Under Spain and Mexico
The first Europeans to use the pass were members of the Spanish Portolà expedition (1769–1770), the first European land entry and exploration of the present-day state of California. The expedition traversed the pass on January 15, 1770, heading east to a campground that later became part of Mission San Fernando Rey de España. After secularization of the mission in 1834, San Fernando Valley rancheros used the trail. A rough wagon road evolved.
Early statehood
American newspapers in California first referred to the pass as Simi Pass from 1857 when the Los Angeles Star wrote of the capture of the outlaw Juan Flores there. That name continued in use, declining from the late 1880s until 1911 in the Eagle Rock Sentinel. It began to be referred to as Santa Susana Pass in the Los Angeles Herald 18 September 1887, being used with increasing frequency thereafter.

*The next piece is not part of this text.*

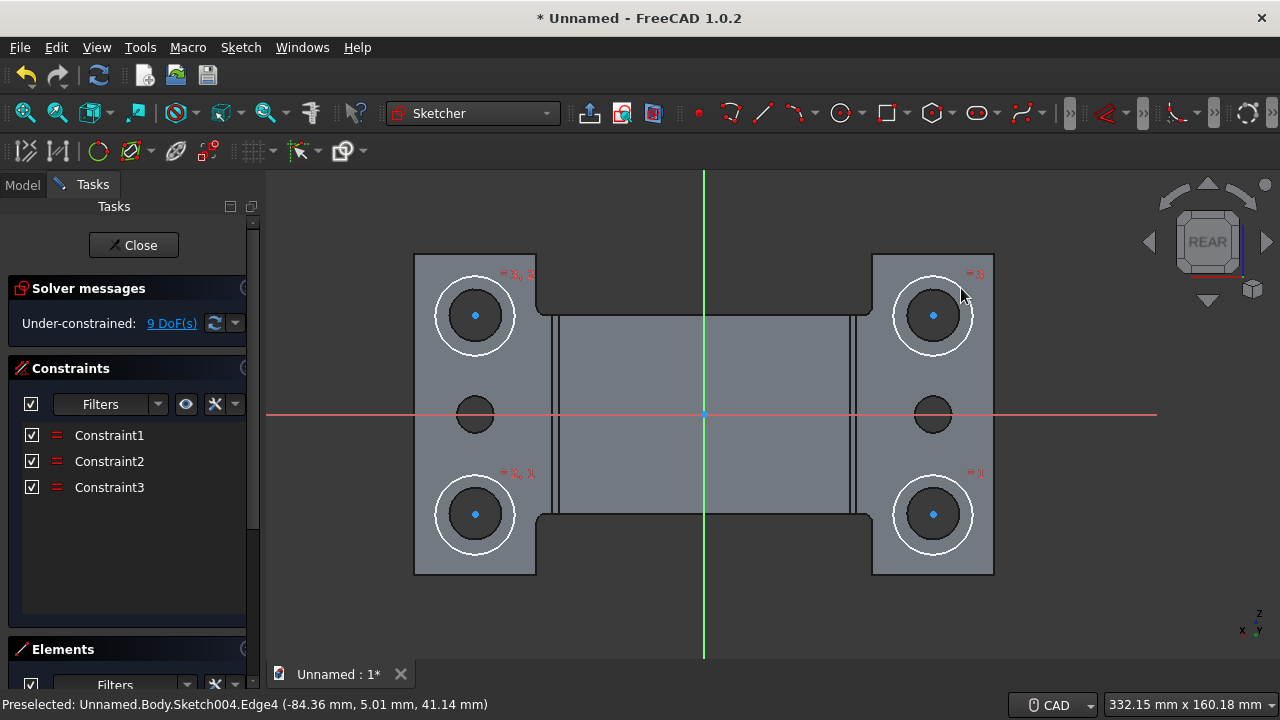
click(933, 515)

In 1859, the California Legislature appropriated $15,000 (with additional funding provided by Los Angeles and Santa Barbara Counties) towards improving the old wagon road into a new stagecoach road, now known as the Old Santa Susana Stage Road. The precipitous portion of the route down from the summit on the San Fernando Valley side was called the Devil's Slide; horses were usually blindfolded and chains were used to augment brakes on the steep descent. Passengers debarked and walked.
The outbreak of the American Civil War in 1861 disrupted mail service along the Butterfield Overland Mail's southern stagecoach route from St. Louis, Missouri via El Paso, Fort Yuma and Los Angeles and on to San Francisco via the Tejon Pass, which had begun its run in 1858. To compensate, the government contracted the Butterfield Company to carry mail between Los Angeles and San Francisco via the new wagon road over the Santa Susana Pass. The first overland mail stage run through the pass took place on April 6, 1861. The main route climbs through what is now Santa Susana Pass State Historic Park, with a branch in L.A. City Park 'Chatsworth Park South.' It was an important artery linking the Los Angeles Basin and inland Ventura County, and was part of the main route for travel by stagecoach between Los Angeles and San Francisco from 1861 until the opening of rail traffic between the cities in 1876. The Old Santa Susana Stage Road is listed on the National Register of Historic Places. Part of the stage road is also a Historic-Cultural Monument of Ventura County and of the City of Los Angeles under the name 'Old Stagecoach Trail.'
Late 19th and 20th century
A new wagon route bypassing the deteriorating Devil's Slide was opened in 1895 to the north . Initially called El Camino Nuevo (the New Road), it was later named the Chatsworth Grade Road, which continued in use until Santa Susana Pass Road (now Old Santa Susana Pass Road) was built in 1917. This was the first automobile route between the San Fernando and Simi Valleys. It also was the main northbound 'coast road' to Santa Barbara and San Francisco, until the Conejo Grade in Ventura County between Conejo Valley and the Oxnard Plain on "Camino Real Viejo" (the Old Royal Road, now U.S. Route 101), was improved. In 1968 State Route 118, the "Simi Valley–San Fernando Valley Freeway" opened, north of the old auto road as the latest route across the Pass. In 1994 it was renamed the "Ronald Reagan Freeway".
The pass area became famous from being seen in many movies, primarily Westerns, filmed from the 1920s to the 1950s here at the Spahn, Iverson, Bell Moving Picture, and Corriganville Movie Ranches. The area became infamous in the late 1960s with the Manson Family headquartered at the Spahn Ranch, near the top of the stage road's Devil's Slide. To the south of the old stage road is Sage Ranch Park and the Santa Susana Field Laboratory. Immediately to the north of Route 118 at the pass top is Rocky Peak Park, a part of the Rim of the Valley Trail Corridor. The old wagon road and rocky hill environs are part of the Santa Susana Pass State Historic Park, for public exploration. The Southern Pacific Railroad began construction of three railroad tunnels through the pass in 1900 and opened the route in 1904. The railroad built the Santa Susana Depot in Rancho Simi on Los Angeles Avenue at Tapo Street in 1903.